Cutaneous infections may be serious too, with necrotizing fasciitis described in one patient. [37]

In patients with CVID, both non-necrotizing granulomas (sarcoidlike) and necrotizing granulomas (tuberculoid) have been observed. [5, 6, 8, 7]

In one case report by Pujol et al, [38] histopathologic biopsy showed perivascular lymphoid infiltrates in the upper and mid dermis, with central necrosis and a palisading granuloma.

A syndrome similar to sarcoidosis can affect patients with CVID. [10] This syndrome is characterized by noninfectious cutaneous granulomas, with underlying visceral granulomas of the lungs, liver, spleen, or conjunctiva in most patients. These cutaneous granulomas are nonspecific in patients with CVID and can appear as a maculopapular rash; as infiltrated erythematous papules, plaques, excoriated papules, and ulcers; or as nodules with ulcerations. On histologic analysis, such granulomas are noncaseating and involve the dermis or subcutaneous fat. These nonsarcoidal, nontuberculoid asymptomatic cutaneous granulomas often appear as multiple, nontender subcutaneous nodules, predominantly juxta-articular, and the skin overlying the nodules was either normal or slightly erythematous. [11]

Lesions frequently appear on the face and extremities and are always sterile. They often resolve with treatment of the underlying disease.

Residual hyperpigmentation may be observed.

The increased incidence of malignancy in patients with CVID is well known. In 1992, Green and Moschella [39] reported the first known case of a patient with CVID who developed multiple squamous cell carcinomas.

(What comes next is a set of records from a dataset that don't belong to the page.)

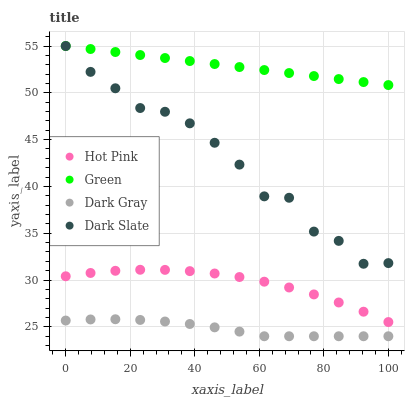Does Dark Gray have the minimum area under the curve?
Answer yes or no. Yes. Does Green have the maximum area under the curve?
Answer yes or no. Yes. Does Dark Slate have the minimum area under the curve?
Answer yes or no. No. Does Dark Slate have the maximum area under the curve?
Answer yes or no. No. Is Green the smoothest?
Answer yes or no. Yes. Is Dark Slate the roughest?
Answer yes or no. Yes. Is Hot Pink the smoothest?
Answer yes or no. No. Is Hot Pink the roughest?
Answer yes or no. No. Does Dark Gray have the lowest value?
Answer yes or no. Yes. Does Dark Slate have the lowest value?
Answer yes or no. No. Does Green have the highest value?
Answer yes or no. Yes. Does Hot Pink have the highest value?
Answer yes or no. No. Is Dark Gray less than Hot Pink?
Answer yes or no. Yes. Is Dark Slate greater than Dark Gray?
Answer yes or no. Yes. Does Green intersect Dark Slate?
Answer yes or no. Yes. Is Green less than Dark Slate?
Answer yes or no. No. Is Green greater than Dark Slate?
Answer yes or no. No. Does Dark Gray intersect Hot Pink?
Answer yes or no. No.

Many other cases have been published since then. Patients with CVID have an increased risk for actinic keratosis and squamous cell carcinoma. This risk is not surprising given the increased incidence of skin cancer with prolonged iatrogenic immunosuppression, as in transplant recipients.

Other dermatologic manifestations of CVID include atopic dermatitis, cutaneous vasculitis including polyarteritis nodosa, [9] and polymorphic light eruption. [40] However, these are not specific markers of CVID, and they are not indications for a workup for CVID unless other implicating factors (eg, recurrent infections) are present.